Machine Learning-Based Residual Bias Correction of SWAN Significant Wave Height Using Satellite Altimeter Observations as Ground Truth in the Black Sea

Anık, Emirhan; AMAROUCHE, KHALID; KANKAL, MURAT; AKPINAR, ADEM

doi:10.1016/j.oceaneng.2026.125991

Machine Learning-Based Residual Bias Correction of SWAN Significant Wave Height Using Satellite Altimeter Observations as Ground Truth in the Black Sea

Anık E. M., AMAROUCHE K., KANKAL M., AKPINAR A.

Ocean Engineering, cilt.359, sa.P2, 2026 (SCI-Expanded, Scopus)

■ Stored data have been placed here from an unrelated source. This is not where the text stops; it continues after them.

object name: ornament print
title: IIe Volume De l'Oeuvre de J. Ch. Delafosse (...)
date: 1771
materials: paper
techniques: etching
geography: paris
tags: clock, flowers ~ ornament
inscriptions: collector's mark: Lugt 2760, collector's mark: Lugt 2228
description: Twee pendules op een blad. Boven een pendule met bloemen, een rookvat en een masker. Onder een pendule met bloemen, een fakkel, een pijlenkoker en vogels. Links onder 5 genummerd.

Yayın Türü: Makale / Tam Makale
Cilt numarası: 359 Sayı: P2
Basım Tarihi: 2026
Doi Numarası: 10.1016/j.oceaneng.2026.125991
Dergi Adı: Ocean Engineering
Derginin Tarandığı İndeksler: Science Citation Index Expanded (SCI-EXPANDED), Scopus, Compendex, Environment Index, Geobase, ICONDA Bibliographic, INSPEC
Anahtar Kelimeler: Machine learning, Residual bias correction, Satellite altimeter, Significant wave height, Tree-based methods, Wave hindcast enhancement
Bursa Uludağ Üniversitesi Adresli: Evet

Özet

Reliable and accurate prediction of significant wave height (SWH) is imperative for the sustainable design and economic development of coastal and offshore structures. In this study, a total of eight machine learning (ML) methods; multi-layer perceptron (MLP), Kolmogorov-Arnold network (KAN), gradient boosting (GB), extreme gradient boosting (XGB), adaptive boosting (AB), random forest (RF), M5 Prime (M5P), and linear regression (LR) belonging to three different classes (neural network, tree, and linear based) are applied as a data-driven correction framework to minimize systematic biases in numerical wave hindcasts. In order to achieve this objective, satellite altimeter observations (SAT SWH) were used as the target for the ML models, which utilized wave (CSWAN SWH, Wind-Sea, CSWAN Tm02, and SWH Swell), wind (WindSy and WindSx), and location (Lon, Lat, and CoastDist) features in the Black Sea. Furthermore, the feature significance analysis (Cohen's d statistic) was utilized to reduce model complexity, resulting in the removal of insignificant features. In the final stage of the research, the relationship between input features and SAT SWH was analyzed using the LOWESS curves with SHAP values. The findings indicate that ML methods significantly improved the agreement between numerical hindcasts and satellite observations, with tree-based methods demonstrating optimal performance. It has been observed that, in addition to CSWAN SWH, the most effective features for a spatial correction are location (Lon and Lat), wind (WindSy and WindSx), and SWH Swell.